Feb  1 11:48:55 ipa2 ns-slapd[9471]: [01/Feb/2018:11:48:55.959110311 +0000] - ERR - NSMMReplicationPlugin - changelog program - repl_plugin_name_cl - agmt="cn=meToipa1.mydom" (ipa1:389): CSN 5a687250000500100000 not found, we aren't as up to date, or we purged
Feb  1 11:48:55 ipa2 ns-slapd[9471]: [01/Feb/2018:11:48:55.961578933 +0000] - ERR - NSMMReplicationPlugin - send_updates - agmt="cn=meToipa1.mydom" (ipa1:389): Data required to update replica has been purged from the changelog.

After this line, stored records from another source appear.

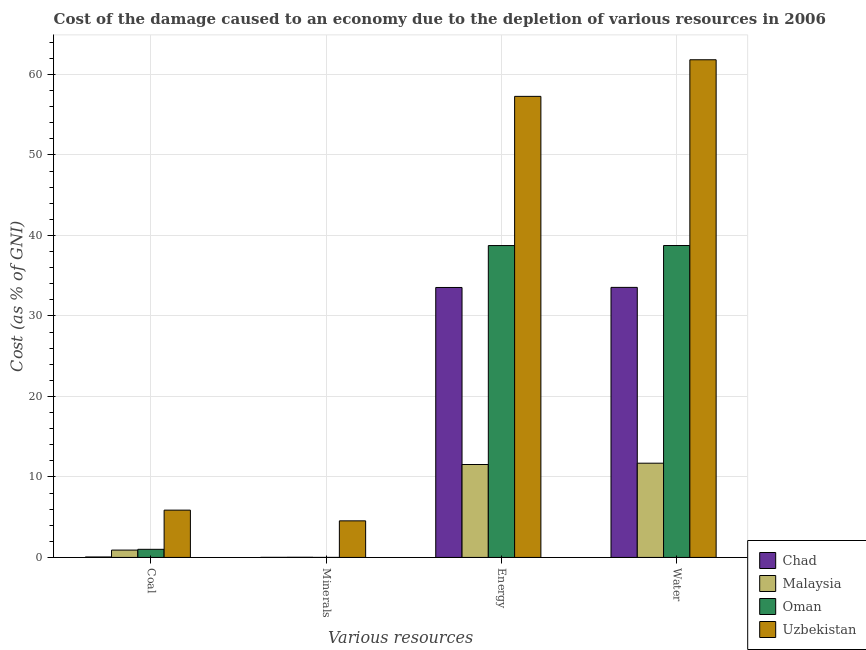Are the number of bars per tick equal to the number of legend labels?
Provide a succinct answer. Yes. Are the number of bars on each tick of the X-axis equal?
Ensure brevity in your answer.  Yes. How many bars are there on the 2nd tick from the left?
Your response must be concise. 4. How many bars are there on the 2nd tick from the right?
Offer a very short reply. 4. What is the label of the 4th group of bars from the left?
Make the answer very short. Water. What is the cost of damage due to depletion of energy in Chad?
Offer a terse response. 33.53. Across all countries, what is the maximum cost of damage due to depletion of energy?
Ensure brevity in your answer.  57.27. Across all countries, what is the minimum cost of damage due to depletion of minerals?
Your answer should be very brief. 0. In which country was the cost of damage due to depletion of coal maximum?
Offer a very short reply. Uzbekistan. In which country was the cost of damage due to depletion of water minimum?
Make the answer very short. Malaysia. What is the total cost of damage due to depletion of minerals in the graph?
Give a very brief answer. 4.58. What is the difference between the cost of damage due to depletion of minerals in Uzbekistan and that in Chad?
Your response must be concise. 4.53. What is the difference between the cost of damage due to depletion of coal in Uzbekistan and the cost of damage due to depletion of energy in Malaysia?
Keep it short and to the point. -5.67. What is the average cost of damage due to depletion of water per country?
Provide a succinct answer. 36.45. What is the difference between the cost of damage due to depletion of energy and cost of damage due to depletion of water in Malaysia?
Your response must be concise. -0.16. What is the ratio of the cost of damage due to depletion of minerals in Chad to that in Malaysia?
Offer a very short reply. 0.52. What is the difference between the highest and the second highest cost of damage due to depletion of minerals?
Your answer should be very brief. 4.52. What is the difference between the highest and the lowest cost of damage due to depletion of energy?
Ensure brevity in your answer.  45.73. In how many countries, is the cost of damage due to depletion of minerals greater than the average cost of damage due to depletion of minerals taken over all countries?
Give a very brief answer. 1. Is the sum of the cost of damage due to depletion of coal in Oman and Malaysia greater than the maximum cost of damage due to depletion of energy across all countries?
Ensure brevity in your answer.  No. What does the 1st bar from the left in Minerals represents?
Provide a short and direct response. Chad. What does the 2nd bar from the right in Coal represents?
Provide a short and direct response. Oman. Is it the case that in every country, the sum of the cost of damage due to depletion of coal and cost of damage due to depletion of minerals is greater than the cost of damage due to depletion of energy?
Give a very brief answer. No. How many bars are there?
Offer a very short reply. 16. Does the graph contain any zero values?
Make the answer very short. No. Where does the legend appear in the graph?
Make the answer very short. Bottom right. How are the legend labels stacked?
Ensure brevity in your answer.  Vertical. What is the title of the graph?
Your answer should be very brief. Cost of the damage caused to an economy due to the depletion of various resources in 2006 . Does "Latvia" appear as one of the legend labels in the graph?
Your answer should be very brief. No. What is the label or title of the X-axis?
Provide a short and direct response. Various resources. What is the label or title of the Y-axis?
Your answer should be compact. Cost (as % of GNI). What is the Cost (as % of GNI) of Chad in Coal?
Provide a succinct answer. 0.06. What is the Cost (as % of GNI) in Malaysia in Coal?
Your answer should be compact. 0.91. What is the Cost (as % of GNI) of Oman in Coal?
Your answer should be very brief. 1.01. What is the Cost (as % of GNI) of Uzbekistan in Coal?
Your response must be concise. 5.88. What is the Cost (as % of GNI) of Chad in Minerals?
Give a very brief answer. 0.01. What is the Cost (as % of GNI) of Malaysia in Minerals?
Your answer should be compact. 0.02. What is the Cost (as % of GNI) in Oman in Minerals?
Provide a succinct answer. 0. What is the Cost (as % of GNI) of Uzbekistan in Minerals?
Keep it short and to the point. 4.54. What is the Cost (as % of GNI) of Chad in Energy?
Your response must be concise. 33.53. What is the Cost (as % of GNI) of Malaysia in Energy?
Your answer should be very brief. 11.54. What is the Cost (as % of GNI) of Oman in Energy?
Give a very brief answer. 38.74. What is the Cost (as % of GNI) in Uzbekistan in Energy?
Offer a terse response. 57.27. What is the Cost (as % of GNI) of Chad in Water?
Give a very brief answer. 33.54. What is the Cost (as % of GNI) in Malaysia in Water?
Offer a very short reply. 11.71. What is the Cost (as % of GNI) in Oman in Water?
Your response must be concise. 38.75. What is the Cost (as % of GNI) of Uzbekistan in Water?
Give a very brief answer. 61.82. Across all Various resources, what is the maximum Cost (as % of GNI) in Chad?
Provide a short and direct response. 33.54. Across all Various resources, what is the maximum Cost (as % of GNI) of Malaysia?
Keep it short and to the point. 11.71. Across all Various resources, what is the maximum Cost (as % of GNI) in Oman?
Keep it short and to the point. 38.75. Across all Various resources, what is the maximum Cost (as % of GNI) of Uzbekistan?
Your answer should be compact. 61.82. Across all Various resources, what is the minimum Cost (as % of GNI) of Chad?
Make the answer very short. 0.01. Across all Various resources, what is the minimum Cost (as % of GNI) in Malaysia?
Your answer should be very brief. 0.02. Across all Various resources, what is the minimum Cost (as % of GNI) in Oman?
Keep it short and to the point. 0. Across all Various resources, what is the minimum Cost (as % of GNI) of Uzbekistan?
Your answer should be very brief. 4.54. What is the total Cost (as % of GNI) in Chad in the graph?
Provide a short and direct response. 67.15. What is the total Cost (as % of GNI) of Malaysia in the graph?
Offer a very short reply. 24.18. What is the total Cost (as % of GNI) of Oman in the graph?
Provide a succinct answer. 78.5. What is the total Cost (as % of GNI) in Uzbekistan in the graph?
Ensure brevity in your answer.  129.52. What is the difference between the Cost (as % of GNI) of Chad in Coal and that in Minerals?
Offer a terse response. 0.05. What is the difference between the Cost (as % of GNI) of Malaysia in Coal and that in Minerals?
Provide a succinct answer. 0.89. What is the difference between the Cost (as % of GNI) in Oman in Coal and that in Minerals?
Provide a short and direct response. 1. What is the difference between the Cost (as % of GNI) in Uzbekistan in Coal and that in Minerals?
Make the answer very short. 1.33. What is the difference between the Cost (as % of GNI) in Chad in Coal and that in Energy?
Offer a very short reply. -33.48. What is the difference between the Cost (as % of GNI) in Malaysia in Coal and that in Energy?
Provide a short and direct response. -10.63. What is the difference between the Cost (as % of GNI) of Oman in Coal and that in Energy?
Your answer should be compact. -37.73. What is the difference between the Cost (as % of GNI) in Uzbekistan in Coal and that in Energy?
Ensure brevity in your answer.  -51.4. What is the difference between the Cost (as % of GNI) of Chad in Coal and that in Water?
Offer a terse response. -33.49. What is the difference between the Cost (as % of GNI) of Malaysia in Coal and that in Water?
Make the answer very short. -10.79. What is the difference between the Cost (as % of GNI) of Oman in Coal and that in Water?
Your answer should be compact. -37.74. What is the difference between the Cost (as % of GNI) of Uzbekistan in Coal and that in Water?
Your response must be concise. -55.95. What is the difference between the Cost (as % of GNI) in Chad in Minerals and that in Energy?
Your response must be concise. -33.52. What is the difference between the Cost (as % of GNI) of Malaysia in Minerals and that in Energy?
Offer a very short reply. -11.52. What is the difference between the Cost (as % of GNI) of Oman in Minerals and that in Energy?
Offer a terse response. -38.74. What is the difference between the Cost (as % of GNI) in Uzbekistan in Minerals and that in Energy?
Your answer should be compact. -52.73. What is the difference between the Cost (as % of GNI) of Chad in Minerals and that in Water?
Provide a short and direct response. -33.53. What is the difference between the Cost (as % of GNI) of Malaysia in Minerals and that in Water?
Provide a short and direct response. -11.69. What is the difference between the Cost (as % of GNI) in Oman in Minerals and that in Water?
Your response must be concise. -38.74. What is the difference between the Cost (as % of GNI) in Uzbekistan in Minerals and that in Water?
Provide a succinct answer. -57.28. What is the difference between the Cost (as % of GNI) of Chad in Energy and that in Water?
Ensure brevity in your answer.  -0.01. What is the difference between the Cost (as % of GNI) in Malaysia in Energy and that in Water?
Your answer should be very brief. -0.16. What is the difference between the Cost (as % of GNI) in Oman in Energy and that in Water?
Keep it short and to the point. -0.01. What is the difference between the Cost (as % of GNI) in Uzbekistan in Energy and that in Water?
Offer a very short reply. -4.55. What is the difference between the Cost (as % of GNI) of Chad in Coal and the Cost (as % of GNI) of Malaysia in Minerals?
Provide a succinct answer. 0.04. What is the difference between the Cost (as % of GNI) in Chad in Coal and the Cost (as % of GNI) in Oman in Minerals?
Provide a succinct answer. 0.05. What is the difference between the Cost (as % of GNI) of Chad in Coal and the Cost (as % of GNI) of Uzbekistan in Minerals?
Provide a succinct answer. -4.49. What is the difference between the Cost (as % of GNI) in Malaysia in Coal and the Cost (as % of GNI) in Oman in Minerals?
Provide a succinct answer. 0.91. What is the difference between the Cost (as % of GNI) in Malaysia in Coal and the Cost (as % of GNI) in Uzbekistan in Minerals?
Your answer should be very brief. -3.63. What is the difference between the Cost (as % of GNI) of Oman in Coal and the Cost (as % of GNI) of Uzbekistan in Minerals?
Keep it short and to the point. -3.54. What is the difference between the Cost (as % of GNI) in Chad in Coal and the Cost (as % of GNI) in Malaysia in Energy?
Offer a terse response. -11.49. What is the difference between the Cost (as % of GNI) of Chad in Coal and the Cost (as % of GNI) of Oman in Energy?
Give a very brief answer. -38.69. What is the difference between the Cost (as % of GNI) in Chad in Coal and the Cost (as % of GNI) in Uzbekistan in Energy?
Your answer should be compact. -57.22. What is the difference between the Cost (as % of GNI) in Malaysia in Coal and the Cost (as % of GNI) in Oman in Energy?
Offer a very short reply. -37.83. What is the difference between the Cost (as % of GNI) of Malaysia in Coal and the Cost (as % of GNI) of Uzbekistan in Energy?
Make the answer very short. -56.36. What is the difference between the Cost (as % of GNI) of Oman in Coal and the Cost (as % of GNI) of Uzbekistan in Energy?
Offer a very short reply. -56.27. What is the difference between the Cost (as % of GNI) in Chad in Coal and the Cost (as % of GNI) in Malaysia in Water?
Ensure brevity in your answer.  -11.65. What is the difference between the Cost (as % of GNI) of Chad in Coal and the Cost (as % of GNI) of Oman in Water?
Offer a terse response. -38.69. What is the difference between the Cost (as % of GNI) of Chad in Coal and the Cost (as % of GNI) of Uzbekistan in Water?
Give a very brief answer. -61.77. What is the difference between the Cost (as % of GNI) in Malaysia in Coal and the Cost (as % of GNI) in Oman in Water?
Keep it short and to the point. -37.83. What is the difference between the Cost (as % of GNI) of Malaysia in Coal and the Cost (as % of GNI) of Uzbekistan in Water?
Provide a succinct answer. -60.91. What is the difference between the Cost (as % of GNI) of Oman in Coal and the Cost (as % of GNI) of Uzbekistan in Water?
Your answer should be very brief. -60.82. What is the difference between the Cost (as % of GNI) of Chad in Minerals and the Cost (as % of GNI) of Malaysia in Energy?
Give a very brief answer. -11.53. What is the difference between the Cost (as % of GNI) of Chad in Minerals and the Cost (as % of GNI) of Oman in Energy?
Your response must be concise. -38.73. What is the difference between the Cost (as % of GNI) in Chad in Minerals and the Cost (as % of GNI) in Uzbekistan in Energy?
Give a very brief answer. -57.26. What is the difference between the Cost (as % of GNI) in Malaysia in Minerals and the Cost (as % of GNI) in Oman in Energy?
Offer a very short reply. -38.72. What is the difference between the Cost (as % of GNI) of Malaysia in Minerals and the Cost (as % of GNI) of Uzbekistan in Energy?
Provide a short and direct response. -57.25. What is the difference between the Cost (as % of GNI) in Oman in Minerals and the Cost (as % of GNI) in Uzbekistan in Energy?
Your response must be concise. -57.27. What is the difference between the Cost (as % of GNI) of Chad in Minerals and the Cost (as % of GNI) of Malaysia in Water?
Make the answer very short. -11.7. What is the difference between the Cost (as % of GNI) of Chad in Minerals and the Cost (as % of GNI) of Oman in Water?
Your response must be concise. -38.74. What is the difference between the Cost (as % of GNI) of Chad in Minerals and the Cost (as % of GNI) of Uzbekistan in Water?
Provide a short and direct response. -61.81. What is the difference between the Cost (as % of GNI) of Malaysia in Minerals and the Cost (as % of GNI) of Oman in Water?
Provide a succinct answer. -38.73. What is the difference between the Cost (as % of GNI) of Malaysia in Minerals and the Cost (as % of GNI) of Uzbekistan in Water?
Your answer should be very brief. -61.8. What is the difference between the Cost (as % of GNI) in Oman in Minerals and the Cost (as % of GNI) in Uzbekistan in Water?
Make the answer very short. -61.82. What is the difference between the Cost (as % of GNI) of Chad in Energy and the Cost (as % of GNI) of Malaysia in Water?
Offer a very short reply. 21.83. What is the difference between the Cost (as % of GNI) in Chad in Energy and the Cost (as % of GNI) in Oman in Water?
Provide a succinct answer. -5.21. What is the difference between the Cost (as % of GNI) in Chad in Energy and the Cost (as % of GNI) in Uzbekistan in Water?
Your answer should be compact. -28.29. What is the difference between the Cost (as % of GNI) of Malaysia in Energy and the Cost (as % of GNI) of Oman in Water?
Keep it short and to the point. -27.2. What is the difference between the Cost (as % of GNI) in Malaysia in Energy and the Cost (as % of GNI) in Uzbekistan in Water?
Offer a terse response. -50.28. What is the difference between the Cost (as % of GNI) in Oman in Energy and the Cost (as % of GNI) in Uzbekistan in Water?
Offer a terse response. -23.08. What is the average Cost (as % of GNI) of Chad per Various resources?
Offer a very short reply. 16.79. What is the average Cost (as % of GNI) of Malaysia per Various resources?
Make the answer very short. 6.05. What is the average Cost (as % of GNI) of Oman per Various resources?
Provide a succinct answer. 19.62. What is the average Cost (as % of GNI) in Uzbekistan per Various resources?
Your answer should be very brief. 32.38. What is the difference between the Cost (as % of GNI) in Chad and Cost (as % of GNI) in Malaysia in Coal?
Your answer should be compact. -0.86. What is the difference between the Cost (as % of GNI) of Chad and Cost (as % of GNI) of Oman in Coal?
Offer a very short reply. -0.95. What is the difference between the Cost (as % of GNI) in Chad and Cost (as % of GNI) in Uzbekistan in Coal?
Keep it short and to the point. -5.82. What is the difference between the Cost (as % of GNI) of Malaysia and Cost (as % of GNI) of Oman in Coal?
Offer a terse response. -0.09. What is the difference between the Cost (as % of GNI) in Malaysia and Cost (as % of GNI) in Uzbekistan in Coal?
Ensure brevity in your answer.  -4.96. What is the difference between the Cost (as % of GNI) of Oman and Cost (as % of GNI) of Uzbekistan in Coal?
Provide a short and direct response. -4.87. What is the difference between the Cost (as % of GNI) of Chad and Cost (as % of GNI) of Malaysia in Minerals?
Make the answer very short. -0.01. What is the difference between the Cost (as % of GNI) in Chad and Cost (as % of GNI) in Oman in Minerals?
Provide a succinct answer. 0.01. What is the difference between the Cost (as % of GNI) of Chad and Cost (as % of GNI) of Uzbekistan in Minerals?
Offer a terse response. -4.53. What is the difference between the Cost (as % of GNI) of Malaysia and Cost (as % of GNI) of Oman in Minerals?
Provide a succinct answer. 0.02. What is the difference between the Cost (as % of GNI) in Malaysia and Cost (as % of GNI) in Uzbekistan in Minerals?
Provide a succinct answer. -4.52. What is the difference between the Cost (as % of GNI) in Oman and Cost (as % of GNI) in Uzbekistan in Minerals?
Give a very brief answer. -4.54. What is the difference between the Cost (as % of GNI) of Chad and Cost (as % of GNI) of Malaysia in Energy?
Your answer should be compact. 21.99. What is the difference between the Cost (as % of GNI) in Chad and Cost (as % of GNI) in Oman in Energy?
Your response must be concise. -5.21. What is the difference between the Cost (as % of GNI) in Chad and Cost (as % of GNI) in Uzbekistan in Energy?
Your response must be concise. -23.74. What is the difference between the Cost (as % of GNI) in Malaysia and Cost (as % of GNI) in Oman in Energy?
Provide a succinct answer. -27.2. What is the difference between the Cost (as % of GNI) in Malaysia and Cost (as % of GNI) in Uzbekistan in Energy?
Offer a terse response. -45.73. What is the difference between the Cost (as % of GNI) of Oman and Cost (as % of GNI) of Uzbekistan in Energy?
Provide a short and direct response. -18.53. What is the difference between the Cost (as % of GNI) of Chad and Cost (as % of GNI) of Malaysia in Water?
Give a very brief answer. 21.84. What is the difference between the Cost (as % of GNI) in Chad and Cost (as % of GNI) in Oman in Water?
Give a very brief answer. -5.2. What is the difference between the Cost (as % of GNI) in Chad and Cost (as % of GNI) in Uzbekistan in Water?
Provide a short and direct response. -28.28. What is the difference between the Cost (as % of GNI) in Malaysia and Cost (as % of GNI) in Oman in Water?
Your answer should be very brief. -27.04. What is the difference between the Cost (as % of GNI) of Malaysia and Cost (as % of GNI) of Uzbekistan in Water?
Make the answer very short. -50.12. What is the difference between the Cost (as % of GNI) of Oman and Cost (as % of GNI) of Uzbekistan in Water?
Provide a short and direct response. -23.08. What is the ratio of the Cost (as % of GNI) in Chad in Coal to that in Minerals?
Make the answer very short. 5.44. What is the ratio of the Cost (as % of GNI) of Malaysia in Coal to that in Minerals?
Your answer should be compact. 46.86. What is the ratio of the Cost (as % of GNI) in Oman in Coal to that in Minerals?
Give a very brief answer. 427.23. What is the ratio of the Cost (as % of GNI) in Uzbekistan in Coal to that in Minerals?
Keep it short and to the point. 1.29. What is the ratio of the Cost (as % of GNI) of Chad in Coal to that in Energy?
Offer a terse response. 0. What is the ratio of the Cost (as % of GNI) in Malaysia in Coal to that in Energy?
Your answer should be compact. 0.08. What is the ratio of the Cost (as % of GNI) in Oman in Coal to that in Energy?
Offer a terse response. 0.03. What is the ratio of the Cost (as % of GNI) of Uzbekistan in Coal to that in Energy?
Keep it short and to the point. 0.1. What is the ratio of the Cost (as % of GNI) of Chad in Coal to that in Water?
Your answer should be very brief. 0. What is the ratio of the Cost (as % of GNI) in Malaysia in Coal to that in Water?
Offer a terse response. 0.08. What is the ratio of the Cost (as % of GNI) in Oman in Coal to that in Water?
Ensure brevity in your answer.  0.03. What is the ratio of the Cost (as % of GNI) of Uzbekistan in Coal to that in Water?
Ensure brevity in your answer.  0.1. What is the ratio of the Cost (as % of GNI) of Malaysia in Minerals to that in Energy?
Give a very brief answer. 0. What is the ratio of the Cost (as % of GNI) in Uzbekistan in Minerals to that in Energy?
Offer a very short reply. 0.08. What is the ratio of the Cost (as % of GNI) in Malaysia in Minerals to that in Water?
Give a very brief answer. 0. What is the ratio of the Cost (as % of GNI) of Uzbekistan in Minerals to that in Water?
Offer a terse response. 0.07. What is the ratio of the Cost (as % of GNI) in Chad in Energy to that in Water?
Offer a very short reply. 1. What is the ratio of the Cost (as % of GNI) of Malaysia in Energy to that in Water?
Offer a terse response. 0.99. What is the ratio of the Cost (as % of GNI) of Oman in Energy to that in Water?
Offer a very short reply. 1. What is the ratio of the Cost (as % of GNI) of Uzbekistan in Energy to that in Water?
Offer a very short reply. 0.93. What is the difference between the highest and the second highest Cost (as % of GNI) of Chad?
Your answer should be compact. 0.01. What is the difference between the highest and the second highest Cost (as % of GNI) in Malaysia?
Make the answer very short. 0.16. What is the difference between the highest and the second highest Cost (as % of GNI) of Oman?
Provide a succinct answer. 0.01. What is the difference between the highest and the second highest Cost (as % of GNI) in Uzbekistan?
Offer a very short reply. 4.55. What is the difference between the highest and the lowest Cost (as % of GNI) of Chad?
Your answer should be compact. 33.53. What is the difference between the highest and the lowest Cost (as % of GNI) in Malaysia?
Make the answer very short. 11.69. What is the difference between the highest and the lowest Cost (as % of GNI) in Oman?
Provide a succinct answer. 38.74. What is the difference between the highest and the lowest Cost (as % of GNI) of Uzbekistan?
Your answer should be very brief. 57.28.

If the error persists the replica must be reinitialized.


The only obvious error (which I suspect is unrelated) I could spot in http land was:

[Thu Feb 01 10:40:39.686959 2018] [wsgi:error] [pid 7302:tid 140268792428288] [remote 10.70.64.26:57792] ipa: ERROR: plugin index generation failed: Supplied plugin directory path is not a directory

I'll aim to reinitialise the problem box based on this. Without wanting to make excuses for my ineptitude, are there any plans to increase visibility for replication issues to surface them more obviously?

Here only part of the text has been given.